While the couple described the period after the engagement and before the wedding day as “purgative,” they were grateful to their family and friends who helped make the planning as smooth as possible.
Finally, the wedding day arrived, and the couple was married at what had become both of their home parish, the Shrine of St. Martin of Tours in Louisville, with Fr. Adam presiding. The couple recalled what a beautiful Mass it was, with Fr. Adam celebrating in the ad orientem (meaning “to the east”) posture, with Gregorian chant, and “all the smells and bells.”
“It was a very reverent and beautiful mass. It was really a glimpse of Heaven,” Brian said. “There's really no other way to put it, it was so beautiful.”
After the Mass, the newlyweds enjoyed a Christ-centered, fun reception with family and friends at a local art gallery, which included plenty of memorable moments, including a “cake battle” between the couple.
“I smashed the cake in his face. So we got into a little bit of a cake battle, I think that shocked some people,” Katie laughingly recalled.

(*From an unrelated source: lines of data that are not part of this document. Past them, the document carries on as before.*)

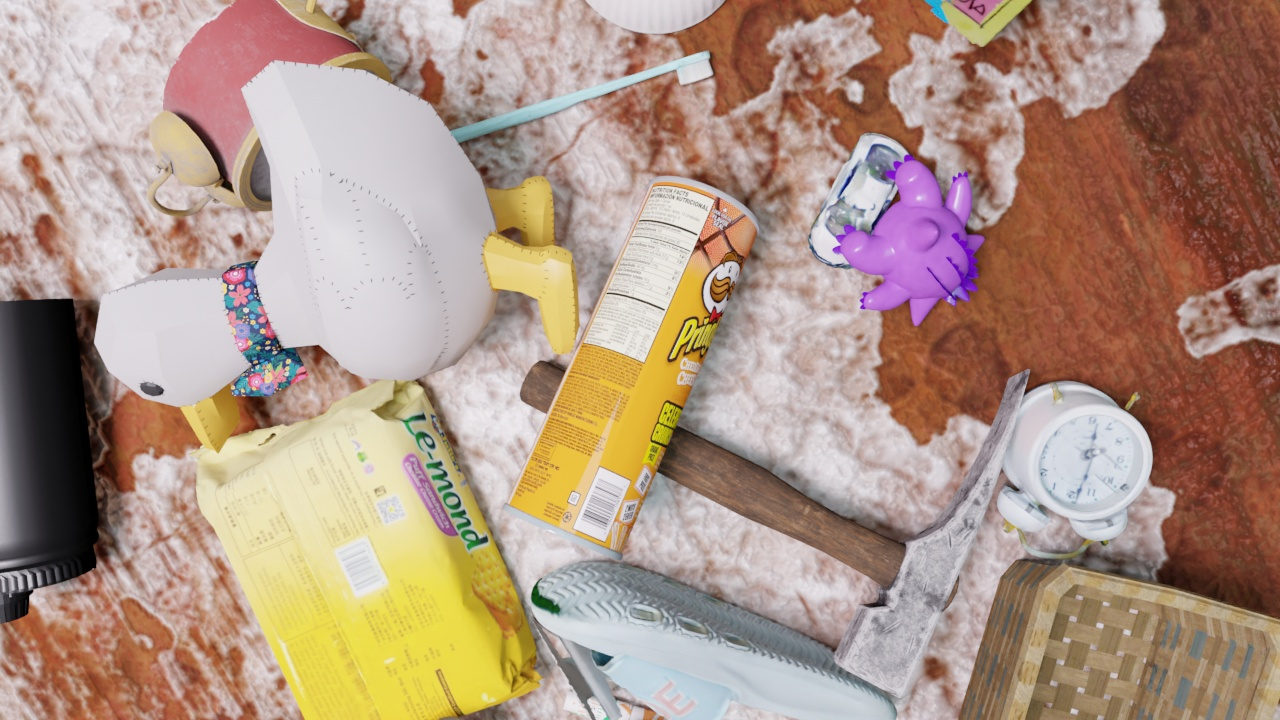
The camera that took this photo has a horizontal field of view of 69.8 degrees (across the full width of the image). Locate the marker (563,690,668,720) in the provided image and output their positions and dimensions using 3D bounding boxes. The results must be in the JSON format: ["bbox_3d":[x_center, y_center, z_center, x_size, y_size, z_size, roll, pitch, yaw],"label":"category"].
[{"bbox_3d":[0.019,0.251,0.628,0.145,0.017,0.017,16,95,-1],"label":"marker"}]

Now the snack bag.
[{"bbox_3d":[-0.176,0.143,0.596,0.159,0.068,0.247,-24,95,2],"label":"snack bag"}]

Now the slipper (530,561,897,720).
[{"bbox_3d":[0.043,0.197,0.582,0.245,0.104,0.074,21,91,-6],"label":"slipper"}]

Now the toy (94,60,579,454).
[{"bbox_3d":[-0.173,-0.052,0.519,0.267,0.140,0.247,-6,135,-13],"label":"toy"}]

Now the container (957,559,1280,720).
[{"bbox_3d":[0.276,0.252,0.538,0.157,0.186,0.250,14,95,0],"label":"container"}]

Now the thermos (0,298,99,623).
[{"bbox_3d":[-0.399,0.063,0.583,0.086,0.086,0.198,-4,95,1],"label":"thermos"}]

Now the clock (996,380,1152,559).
[{"bbox_3d":[0.274,0.072,0.588,0.083,0.057,0.118,7,102,0],"label":"clock"}]

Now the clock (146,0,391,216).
[{"bbox_3d":[-0.232,-0.148,0.546,0.081,0.117,0.159,43,87,1],"label":"clock"}]

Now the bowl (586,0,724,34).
[{"bbox_3d":[0.009,-0.267,0.558,0.118,0.062,0.118,0,95,1],"label":"bowl"}]

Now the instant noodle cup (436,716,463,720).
[{"bbox_3d":[-0.159,0.292,0.550,0.122,0.123,0.123,-19,95,12],"label":"instant noodle cup"}]

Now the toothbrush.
[{"bbox_3d":[-0.041,-0.167,0.592,0.180,0.016,0.016,-16,103,2],"label":"toothbrush"}]

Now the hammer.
[{"bbox_3d":[0.077,0.045,0.590,0.300,0.037,0.217,27,81,6],"label":"hammer"}]

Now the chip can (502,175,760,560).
[{"bbox_3d":[-0.003,0.003,0.545,0.075,0.075,0.215,24,80,-1],"label":"chip can"}]

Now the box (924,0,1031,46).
[{"bbox_3d":[0.159,-0.300,0.528,0.221,0.082,0.124,37,74,-1],"label":"box"}]

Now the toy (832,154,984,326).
[{"bbox_3d":[0.177,-0.068,0.571,0.106,0.056,0.088,-52,132,2],"label":"toy"}]

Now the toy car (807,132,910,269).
[{"bbox_3d":[0.141,-0.102,0.588,0.038,0.027,0.090,26,95,-3],"label":"toy car"}]

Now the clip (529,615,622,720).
[{"bbox_3d":[-0.028,0.201,0.607,0.056,0.101,0.046,27,105,-45],"label":"clip"}]
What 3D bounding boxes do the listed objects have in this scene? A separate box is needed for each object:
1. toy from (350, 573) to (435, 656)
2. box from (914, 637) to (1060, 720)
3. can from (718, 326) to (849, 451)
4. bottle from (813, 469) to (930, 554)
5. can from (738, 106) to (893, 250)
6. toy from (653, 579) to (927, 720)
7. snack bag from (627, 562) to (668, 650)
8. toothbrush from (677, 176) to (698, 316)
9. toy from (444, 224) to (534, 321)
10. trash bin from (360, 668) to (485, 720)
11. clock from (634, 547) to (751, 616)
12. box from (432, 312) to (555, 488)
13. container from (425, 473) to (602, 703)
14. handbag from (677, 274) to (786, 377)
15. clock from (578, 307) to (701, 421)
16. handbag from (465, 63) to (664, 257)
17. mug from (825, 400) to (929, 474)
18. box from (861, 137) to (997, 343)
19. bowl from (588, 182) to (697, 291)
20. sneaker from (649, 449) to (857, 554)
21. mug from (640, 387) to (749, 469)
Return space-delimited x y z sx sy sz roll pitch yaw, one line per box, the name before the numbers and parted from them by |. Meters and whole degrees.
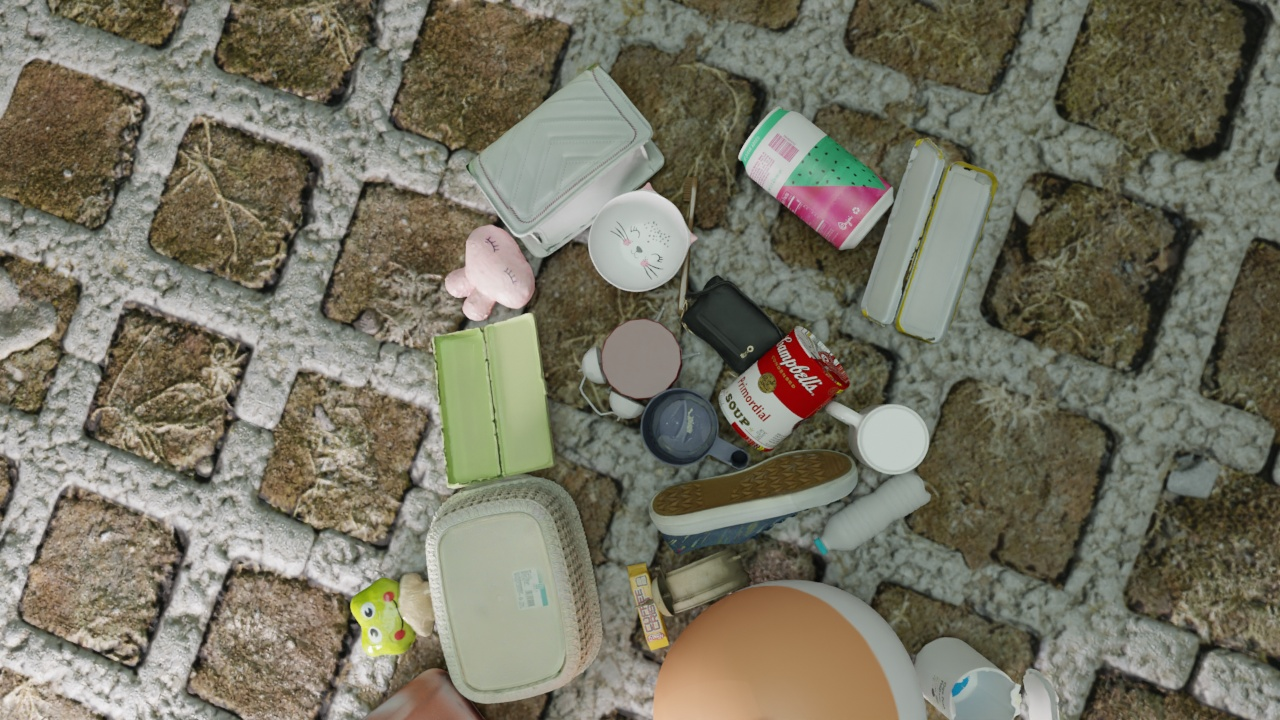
toy | -0.280 0.296 1.082 0.118 0.043 0.092 -19 84 4
box | 0.354 0.343 0.948 0.094 0.165 0.084 1 92 -5
can | 0.156 0.032 1.006 0.117 0.086 0.086 -43 83 21
bottle | 0.256 0.173 1.025 0.136 0.044 0.044 -34 84 4
can | 0.196 -0.203 1.027 0.166 0.088 0.088 41 92 7
toy | 0.139 0.358 0.909 0.264 0.280 0.265 -27 71 35
snack bag | 0.009 0.284 1.061 0.026 0.020 0.099 -16 85 7
toothbrush | 0.054 -0.134 1.077 0.016 0.016 0.167 5 87 6
toy | -0.180 -0.099 1.088 0.105 0.053 0.108 -40 85 18
trash bin | -0.250 0.455 0.963 0.157 0.259 0.181 -39 83 1
clock | 0.055 0.248 1.024 0.141 0.093 0.054 -24 78 11
box | -0.171 0.047 1.069 0.138 0.030 0.187 -14 73 11
container | -0.143 0.256 1.018 0.184 0.143 0.251 -12 86 -3
handbag | 0.103 -0.038 1.049 0.128 0.054 0.079 42 96 4
clock | -0.006 0.006 1.061 0.137 0.048 0.096 -39 84 3
handbag | -0.088 -0.230 1.062 0.198 0.096 0.142 -37 70 4
mug | 0.253 0.076 1.006 0.110 0.090 0.074 30 91 7
box | 0.318 -0.131 1.023 0.128 0.045 0.209 19 90 -24
bowl | 0.001 -0.135 1.065 0.115 0.050 0.114 0 90 8
sneaker | 0.131 0.167 1.027 0.235 0.087 0.079 -14 117 2
mug | 0.065 0.083 1.021 0.124 0.104 0.084 27 90 7

Since the wedding, the couple has adjusted smoothly to their new life in Louisville and has been blessed with a strong community of family and friends. The pair has also welcomed their first child into the world.

Advice for CatholicMatch users:
Brian advises CatholicMatch users, especially those who have been using the app but haven’t found anyone and may be disparaging about modern dating, not to lose hope, but to remember that sometimes you might need to take a “leap of faith” in God.
“Don't lose hope that God can work, quite literally, in any situation at all. Once you lose that hope from God, you're doing yourself a huge disservice,” he said.
“Just close your eyes and take that leap of faith,” he added. “No amount of complaining about modernity and all of its ills, which everybody knows about, is going to change the fact that if it is your vocation to get married, then God desires it for you, so He'll make it work.”
Katie advises CatholicMatch users to cling to the sacraments and be obedient to what God is telling them as they use the app.
“Stay close to the sacraments, especially to the Blessed Sacrament, and be obedient to what God is asking you. He can take your very small ‘yeses,’ and can turn them into something really beautiful.”